Там далеко-далеко, где небо смыкается с водой, на фоне синего моря – яхта под белоснежным парусом. А на палубе что-то темнеет, мечется и аж захлёбывается от восторга.
Нет, это не я. Жаль.
Но с другой стороны, только наблюдая с обратной стороны и можно увидеть и описать подобную картину.
Наверное, именно поэтому кто-то деятельный и целеустремлённый стоя там, на палубе, смахивая загорелой рукой, солёные брызги с лица, позирует мне.
Лениво созерцающему художнику, стряхивающему натруженным авторучкой указательным пальцем пепел с сигареты. Здесь. В душной комнате, в продавленном кресле под вентилятором.

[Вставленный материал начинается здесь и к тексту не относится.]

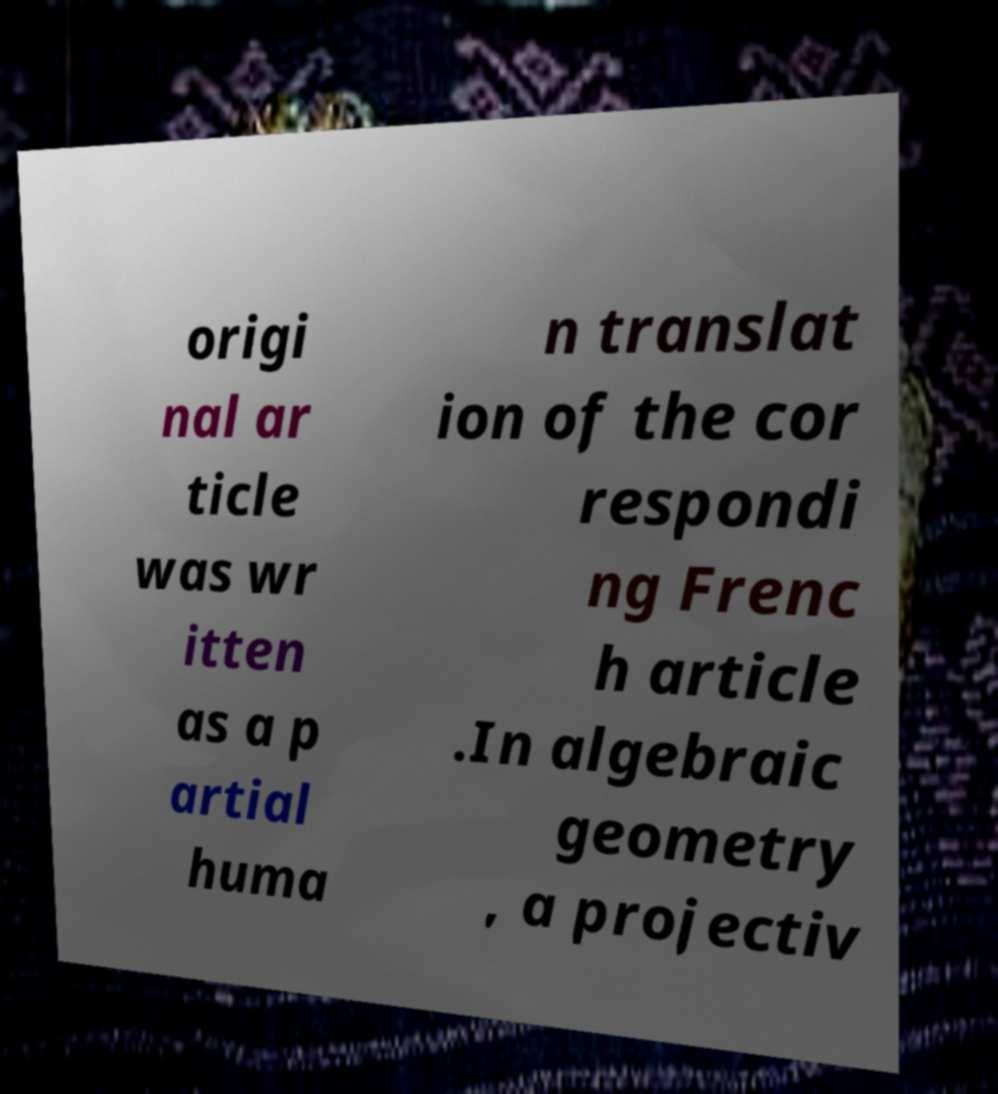I need the written content from this picture converted into text. Can you do that? origi nal ar ticle was wr itten as a p artial huma n translat ion of the cor respondi ng Frenc h article .In algebraic geometry , a projectiv 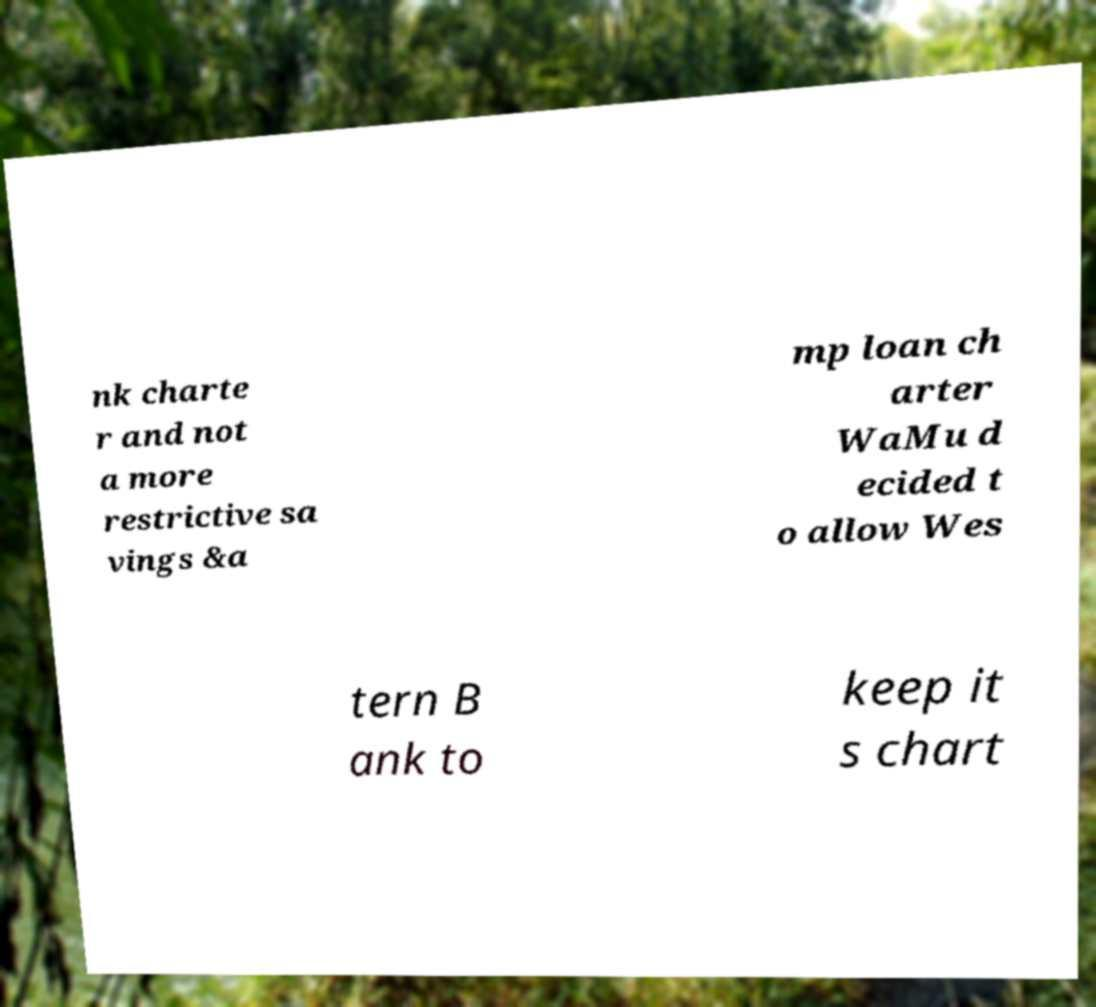Could you assist in decoding the text presented in this image and type it out clearly? nk charte r and not a more restrictive sa vings &a mp loan ch arter WaMu d ecided t o allow Wes tern B ank to keep it s chart 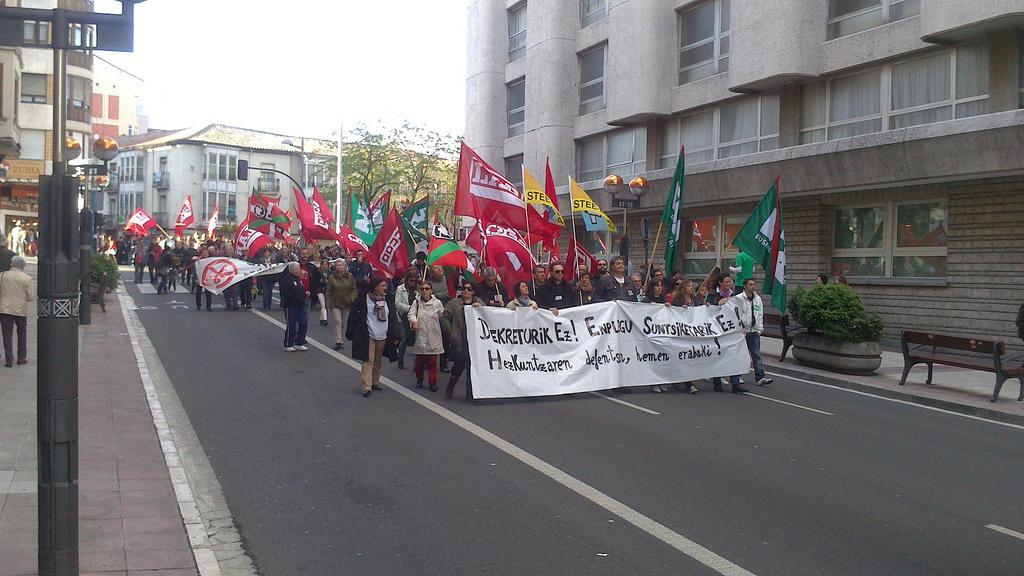In one or two sentences, can you explain what this image depicts? The picture is taken in the middle of the road. There are few people walking in the front are holding banner the back people are holding flags. In the middle here there is another banner. There are benches and plants on the side of the road. There are buildings and trees in the background.

И в общем, мы оба получаем удовольствие. Каждый естественно своё.

ДОСТИЖЕНИЕ

Убедил. Доказал. Пронял. Заставил согласиться. Вынудил признать. Прошёл через подхихикивание за спиной, недоумение, сочувственное удивление. Через саркастические улыбки и иронические замечания. Через недвусмысленные жесты, наглядно иллюстрировавшие их представления о моих умственных способностях. Через неверие и недоверие. Да просто достал я их видимо. Допёк. Упорством, проходящим по тонкой грани разделяющей его с упрямством. Настойчивостью, граничащей с суетой переходящей в панику.
Десять лет бился. Все десять лет бился рыбой об лёд непонимания и неприятия. И пробил всё-таки!
Согласились они считать меня человеком, имеющим право писать. В смысле сочинять нечто литературное. Даже жена. Правда она довольно своеобразно подтвердила факт моего признания. Ну, и когда же мы увидим гонорары? – спросила она. Но это я вам скажу, дорогого стоит!
Теперь все они относятся к моему увлечению с достаточной долей уважения. Дарят мне всякие канцтовары. Они видят, что меня печатают, нечасто, но всё-таки читают меня и сами, где-то я там периодически выступаю, о чём они тоже слышат. Удивление их теперь не сочувственное, но вопросительное. Они ждут, что будет дальше.
А мне, вот именно теперь, ну совершенно не пишется. Как отрезало. То есть ноль абсолютный!
Оказывается писать не получая при этом их поддержки трудно, но ещё ничего. А вот считаться признанным (в узких конечно кругах, но всё же) писателем и не писать — просто полный обвал.
А они же уже теперь требуют. Говорят: Ну что же ты? Ну где? Когда в конце-концов? Мы на тебя рассчитываем, а ты? Давай, становись знаменитым, что бы мы уже начали тобой гордиться. Ты же писатель!
И что мне теперь, ещё десять лет убеждать их в обратном?